Look through the listing below and report the lines that have the word "pixels" in them.
*** Data to use Section Begins ***
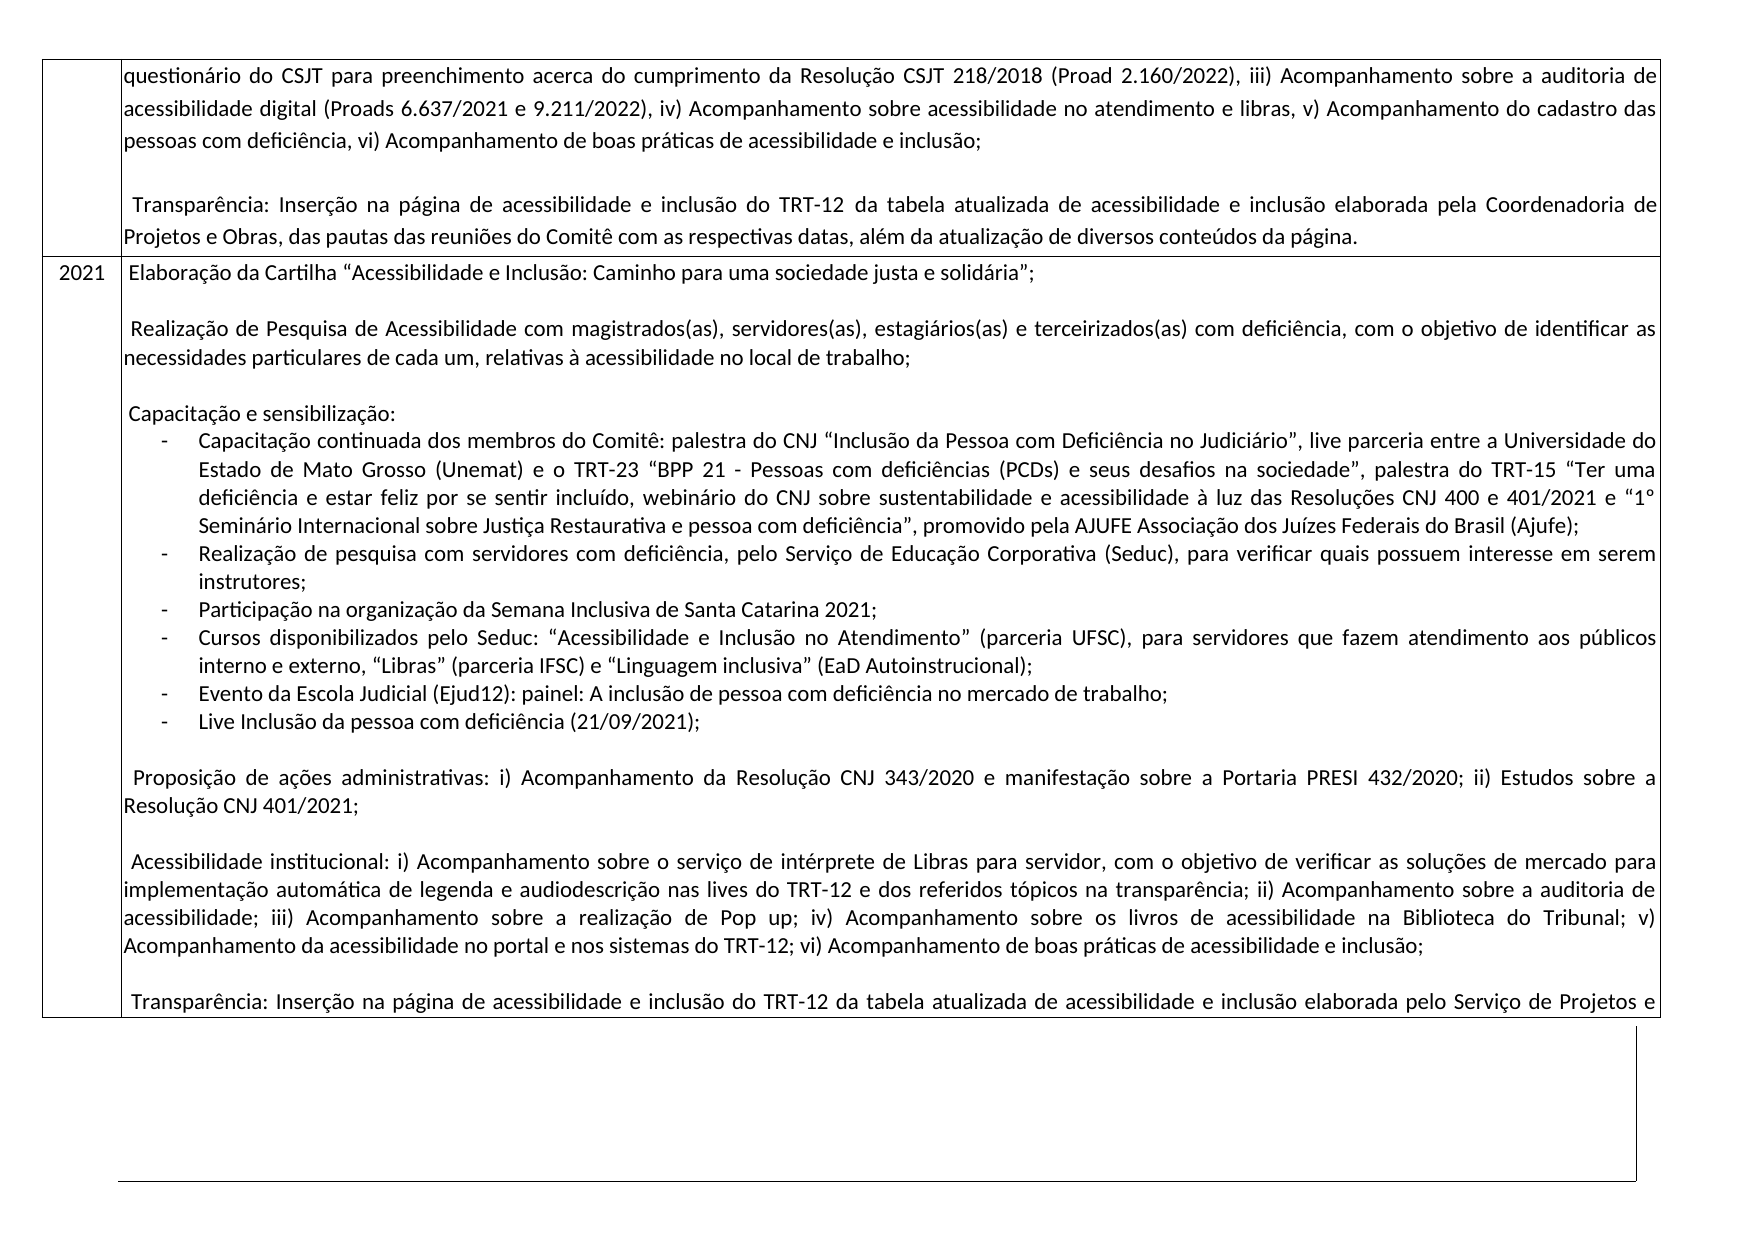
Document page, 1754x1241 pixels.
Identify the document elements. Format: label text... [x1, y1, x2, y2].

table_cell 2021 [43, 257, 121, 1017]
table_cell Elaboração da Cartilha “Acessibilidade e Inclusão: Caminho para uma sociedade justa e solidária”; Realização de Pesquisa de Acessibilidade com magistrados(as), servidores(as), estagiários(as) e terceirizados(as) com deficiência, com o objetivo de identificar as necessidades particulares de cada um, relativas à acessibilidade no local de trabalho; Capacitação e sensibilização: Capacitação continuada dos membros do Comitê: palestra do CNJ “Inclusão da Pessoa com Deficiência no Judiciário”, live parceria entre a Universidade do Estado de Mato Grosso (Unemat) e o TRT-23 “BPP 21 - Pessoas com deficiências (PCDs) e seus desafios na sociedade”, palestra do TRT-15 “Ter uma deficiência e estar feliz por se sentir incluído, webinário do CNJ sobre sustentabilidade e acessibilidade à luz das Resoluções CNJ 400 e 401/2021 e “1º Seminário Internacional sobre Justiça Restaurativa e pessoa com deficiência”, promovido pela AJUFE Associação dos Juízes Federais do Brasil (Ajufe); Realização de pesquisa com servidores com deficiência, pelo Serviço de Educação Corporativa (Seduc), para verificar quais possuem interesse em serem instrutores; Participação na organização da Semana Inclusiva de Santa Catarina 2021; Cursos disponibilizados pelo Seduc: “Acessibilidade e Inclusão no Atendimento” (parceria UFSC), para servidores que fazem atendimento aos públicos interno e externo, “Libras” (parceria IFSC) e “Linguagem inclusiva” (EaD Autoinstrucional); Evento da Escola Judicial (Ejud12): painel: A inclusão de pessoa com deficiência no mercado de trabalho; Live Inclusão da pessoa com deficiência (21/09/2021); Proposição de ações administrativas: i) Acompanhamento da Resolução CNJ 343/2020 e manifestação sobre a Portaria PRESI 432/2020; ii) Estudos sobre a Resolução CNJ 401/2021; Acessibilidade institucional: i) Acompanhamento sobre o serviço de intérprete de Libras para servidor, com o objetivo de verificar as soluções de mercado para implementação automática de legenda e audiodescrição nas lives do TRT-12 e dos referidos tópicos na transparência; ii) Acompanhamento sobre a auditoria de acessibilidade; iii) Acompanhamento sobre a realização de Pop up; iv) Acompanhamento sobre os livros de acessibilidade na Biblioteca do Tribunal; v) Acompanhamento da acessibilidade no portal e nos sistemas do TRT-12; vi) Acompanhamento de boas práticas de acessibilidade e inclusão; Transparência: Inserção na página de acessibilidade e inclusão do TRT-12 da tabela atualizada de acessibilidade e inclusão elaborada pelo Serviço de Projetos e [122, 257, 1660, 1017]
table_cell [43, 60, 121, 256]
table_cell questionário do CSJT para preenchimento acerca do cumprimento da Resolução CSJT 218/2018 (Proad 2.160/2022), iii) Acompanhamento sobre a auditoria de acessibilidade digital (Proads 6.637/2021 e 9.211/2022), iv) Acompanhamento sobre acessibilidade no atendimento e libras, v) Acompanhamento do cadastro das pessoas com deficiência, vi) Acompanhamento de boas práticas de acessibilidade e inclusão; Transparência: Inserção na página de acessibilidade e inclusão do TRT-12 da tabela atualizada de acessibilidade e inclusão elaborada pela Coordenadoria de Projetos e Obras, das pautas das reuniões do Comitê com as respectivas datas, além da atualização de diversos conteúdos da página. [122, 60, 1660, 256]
*** Data to use Section Ends ***
*** Data to use Section Begins ***
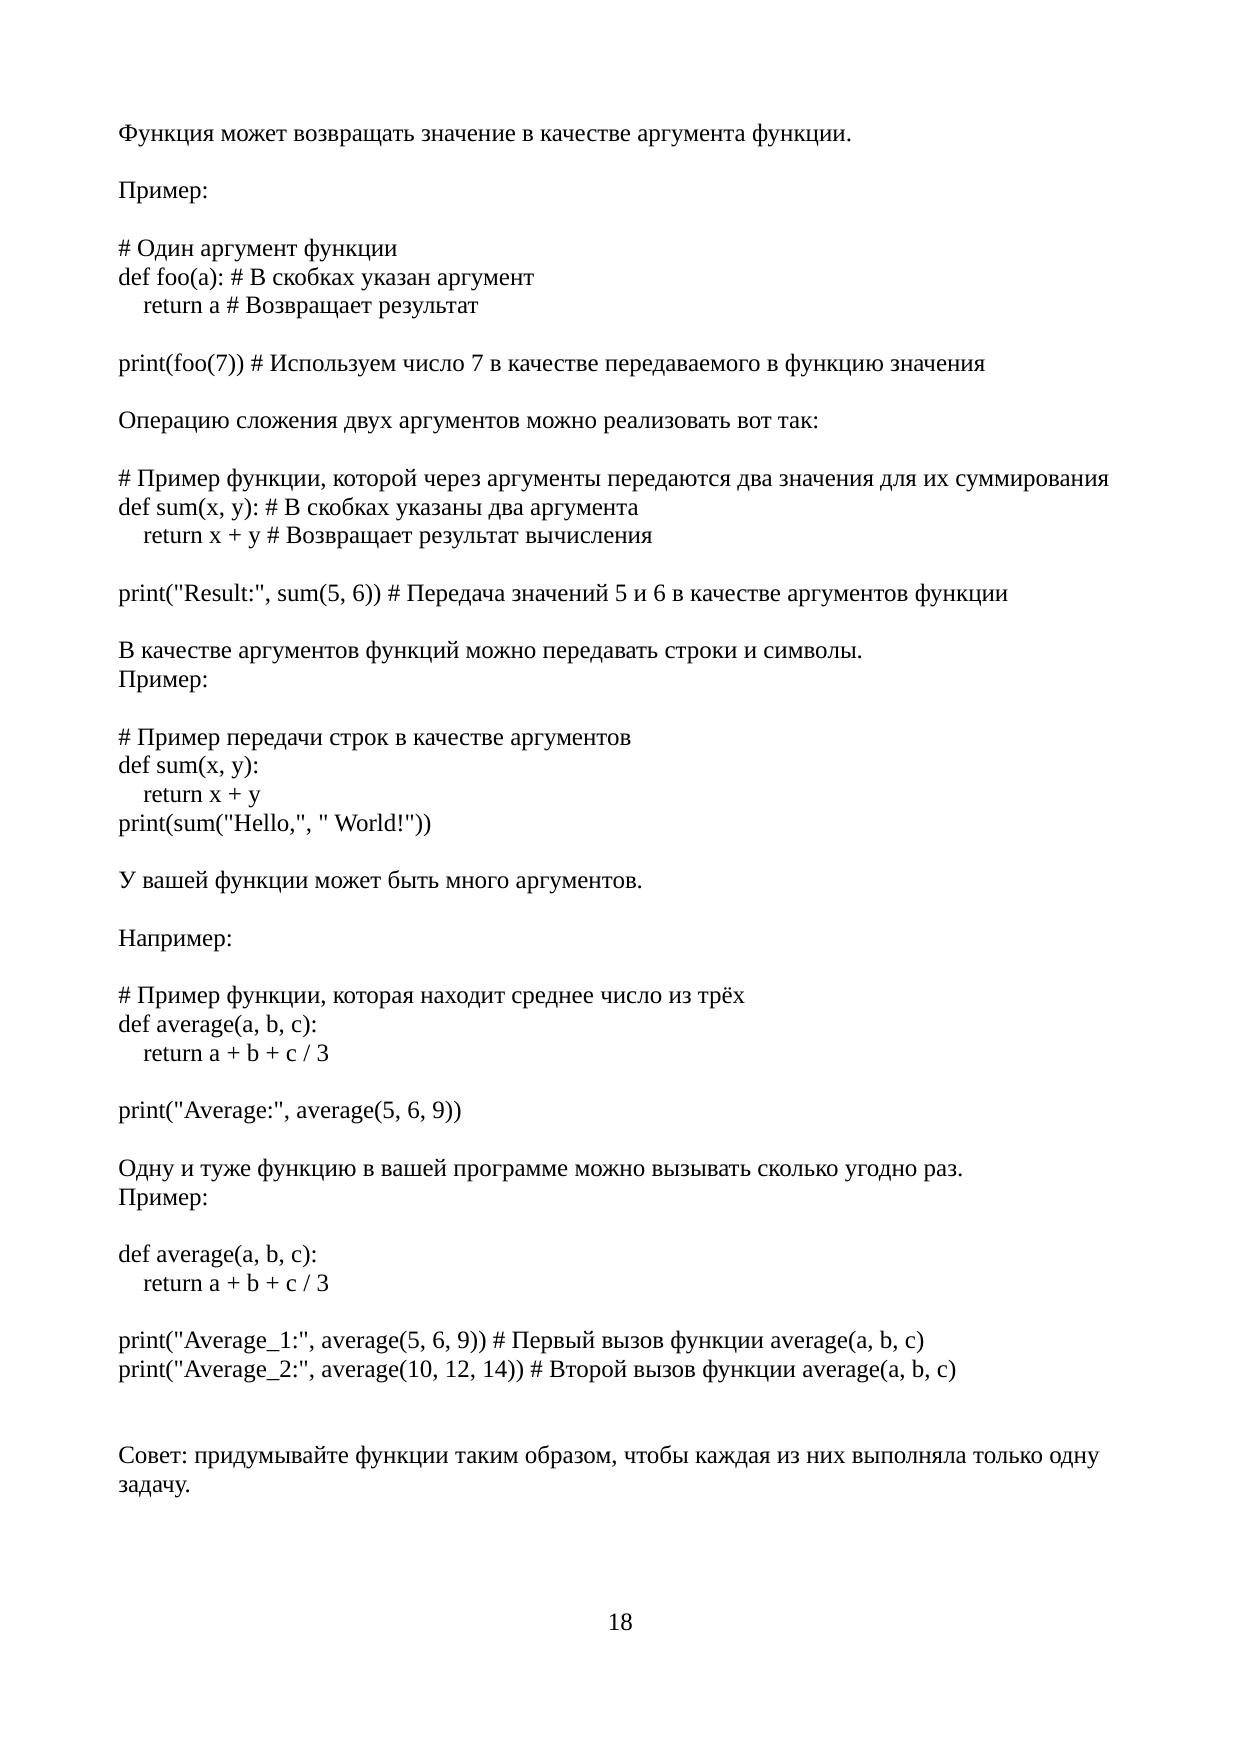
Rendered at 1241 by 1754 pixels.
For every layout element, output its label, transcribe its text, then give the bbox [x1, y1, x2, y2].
*** Data to use Section Ends ***
▸ **Expected answer**
Document page, 1754x1241 pixels.
Rendered at 1241 by 1754 pixels.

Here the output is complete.